Forrester has identified three ways that AI misalignment may harm your customers and your business:

  • Outer misalignment. This happens when data scientists specify a proxy because they lack a discrete variable that perfectly represents a model’s objective. The distance between the proxy variable and the business objective results in misalignment and can cause real harm.
  • Inner misalignment. This happens when subgoals that an AI system learns during its training diverge from the overall intended goal of the system.
  • User misalignment. This occurs when bad actors deliberately pull an AI system out of alignment with its goals or objectives.

All three types of misalignment can fundamentally jeopardize confidence in AI and widen the AI trust gap. To keep that from happening, organizations must proactively align AI and focus on key stakeholders.

A New Approach: Align By Design

Our research uncovered an uncomfortable reality that misalignment is inevitable. Fortunately, catastrophe is avoidable with the “align by design” approach. It’s time for organizations to take AI alignment seriously, right from the beginning of AI development and not after an “oops” moment when things go awry. We define align by design as:

A proactive approach to developing AI systems that meet intended business goals while adhering to company values, standards, and guidelines across the AI development lifecycle.

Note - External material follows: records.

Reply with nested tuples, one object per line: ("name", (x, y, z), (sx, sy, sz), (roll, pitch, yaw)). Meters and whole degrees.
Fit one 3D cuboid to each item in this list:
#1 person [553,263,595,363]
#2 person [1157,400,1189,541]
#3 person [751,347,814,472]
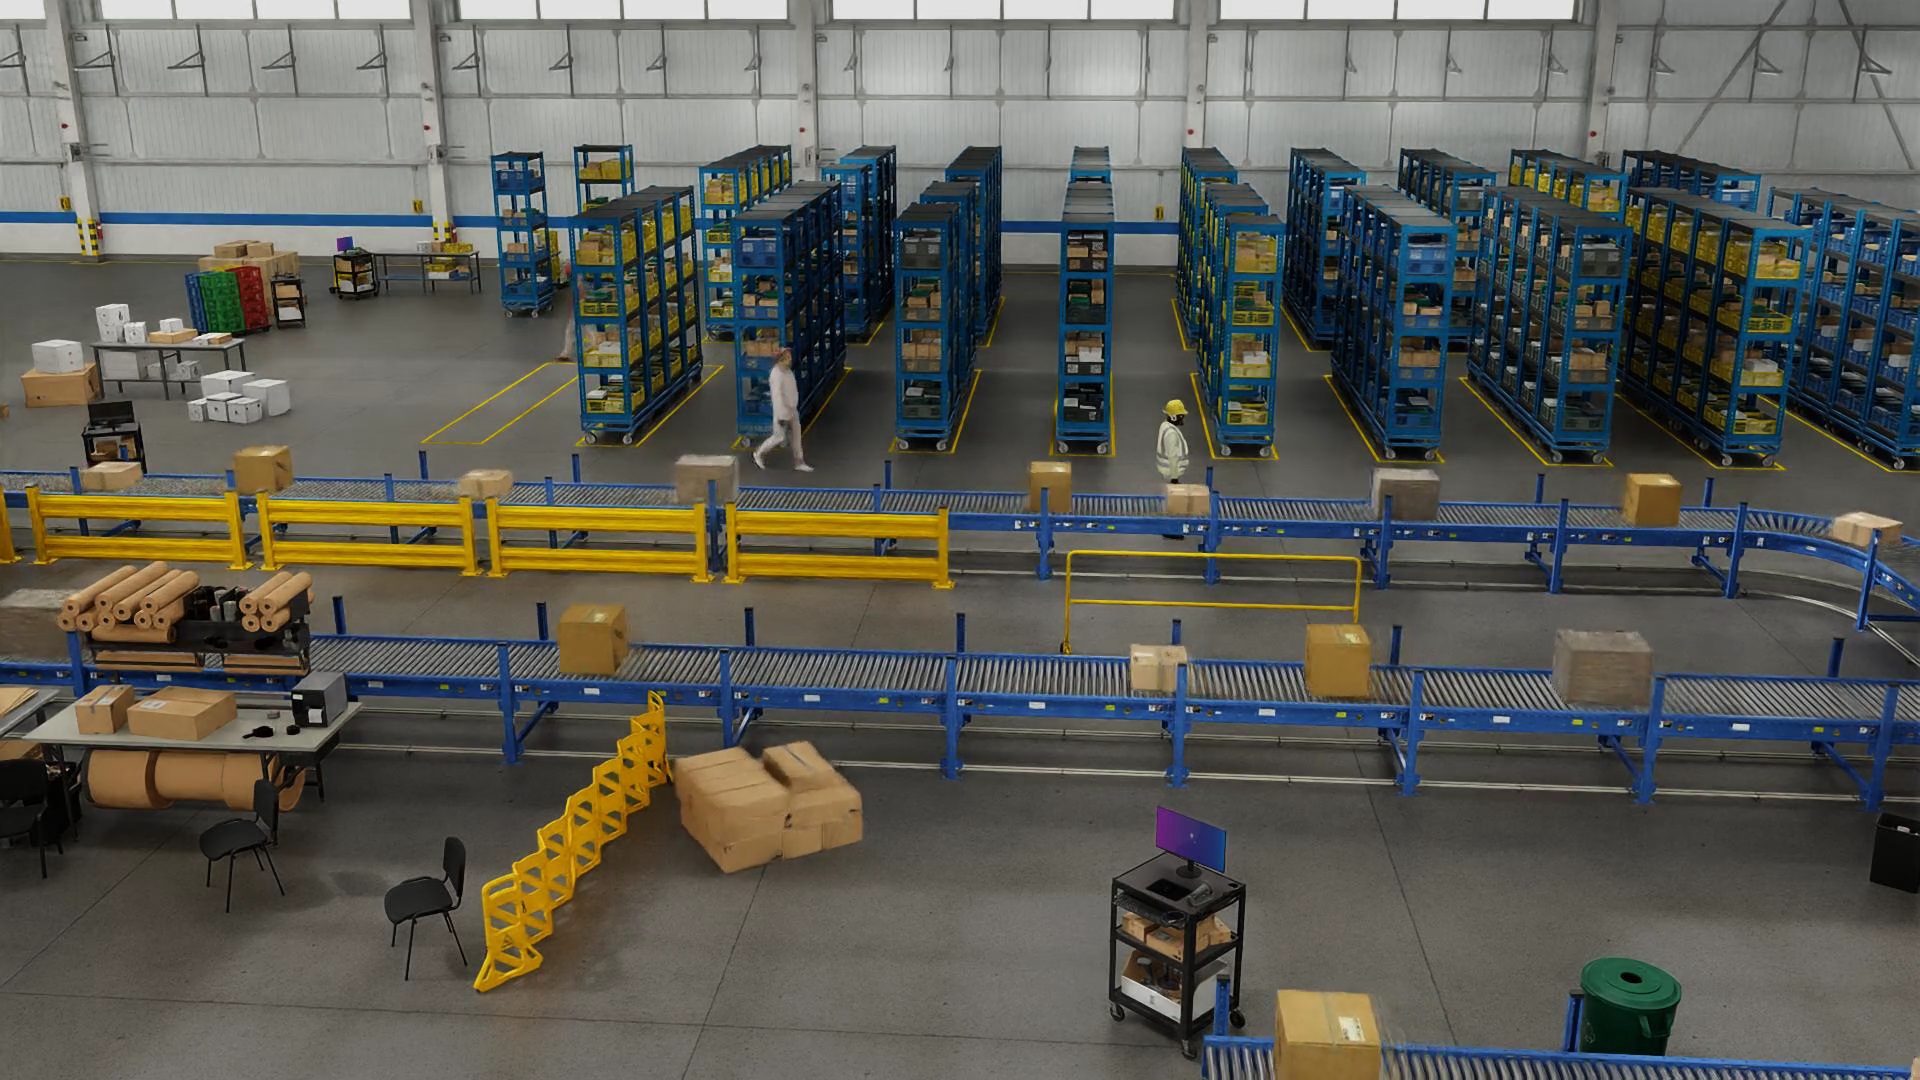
("person", (-7.436, -4.449, 32.506), (1.046, 1.948, 0.634), (-4, 18, -13))
("person", (2.742, -0.913, 21.458), (0.404, 1.832, 0.600), (-1, 18, -2))
("person", (-2.644, -1.924, 24.592), (0.863, 1.881, 0.647), (5, 18, 17))

Aligning by design requires effort across all three sides of the golden triangle — people, technology, and processes:

  • People: Organizational alignment enables AI alignment. Misalignment is not just an AI problem; it is also an organizational problem that plagues companies today, as disparate lines of business possess myriad incentives and optimize for divergent KPIs. Companies (and, especially, technology teams) must align internally on objectives, standards, principles, and values to ensure AI alignment.
  • Technology: Balance helpfulness and harmlessness with alignment techniques. Overloading models with guardrails and tuning can diminish their effectiveness, while insufficient alignment may lead to harmful outputs or unintended actions. Achieve the right balance by leveraging an assortment of alignment techniques such as fine-tuning, prompt enrichment, and controlled generation to ensure that systems achieve intended (and not objectionable) objectives.
  • Processes: Plan for remediation. Despite best efforts, AI misalignment is an inevitability. Companies therefore need to be prepared to respond to unintended outcomes and to mitigate their negative impact. Have a remediation plan in place on day zero.

At a time when organizations are looking more closely at AI investments, an align by design approach to the development and deployment of AI can ensure that companies’ AI investments meet their intended objectives while adhering to organizational policies and principles.